Items from a dataset:
##############################
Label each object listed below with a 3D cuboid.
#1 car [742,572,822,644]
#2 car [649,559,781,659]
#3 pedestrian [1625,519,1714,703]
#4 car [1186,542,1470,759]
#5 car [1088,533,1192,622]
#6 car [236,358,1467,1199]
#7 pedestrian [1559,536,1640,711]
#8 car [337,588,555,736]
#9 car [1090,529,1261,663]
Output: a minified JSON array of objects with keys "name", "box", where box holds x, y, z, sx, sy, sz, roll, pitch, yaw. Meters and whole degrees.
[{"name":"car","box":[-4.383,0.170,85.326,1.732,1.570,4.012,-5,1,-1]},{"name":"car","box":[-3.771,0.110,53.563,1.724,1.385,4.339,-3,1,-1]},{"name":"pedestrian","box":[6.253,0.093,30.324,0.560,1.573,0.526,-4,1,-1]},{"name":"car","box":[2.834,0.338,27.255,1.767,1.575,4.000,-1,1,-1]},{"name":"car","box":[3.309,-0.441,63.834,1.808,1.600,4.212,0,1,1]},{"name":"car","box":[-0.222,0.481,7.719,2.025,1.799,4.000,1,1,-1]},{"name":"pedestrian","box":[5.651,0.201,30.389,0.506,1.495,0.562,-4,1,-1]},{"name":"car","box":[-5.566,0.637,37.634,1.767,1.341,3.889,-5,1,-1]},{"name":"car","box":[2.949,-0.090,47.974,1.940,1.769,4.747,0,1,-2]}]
##############################
» **Goal of the exercise**
Please reproduce the closing stretch of the records, from the line with "#6 car [236,358,1467,1199]" through the last line, exactly as it stands.

» **Solved problem**
#6 car [236,358,1467,1199]
#7 pedestrian [1559,536,1640,711]
#8 car [337,588,555,736]
#9 car [1090,529,1261,663]
Output: a minified JSON array of objects with keys "name", "box", where box holds x, y, z, sx, sy, sz, roll, pitch, yaw. Meters and whole degrees.
[{"name":"car","box":[-4.383,0.170,85.326,1.732,1.570,4.012,-5,1,-1]},{"name":"car","box":[-3.771,0.110,53.563,1.724,1.385,4.339,-3,1,-1]},{"name":"pedestrian","box":[6.253,0.093,30.324,0.560,1.573,0.526,-4,1,-1]},{"name":"car","box":[2.834,0.338,27.255,1.767,1.575,4.000,-1,1,-1]},{"name":"car","box":[3.309,-0.441,63.834,1.808,1.600,4.212,0,1,1]},{"name":"car","box":[-0.222,0.481,7.719,2.025,1.799,4.000,1,1,-1]},{"name":"pedestrian","box":[5.651,0.201,30.389,0.506,1.495,0.562,-4,1,-1]},{"name":"car","box":[-5.566,0.637,37.634,1.767,1.341,3.889,-5,1,-1]},{"name":"car","box":[2.949,-0.090,47.974,1.940,1.769,4.747,0,1,-2]}]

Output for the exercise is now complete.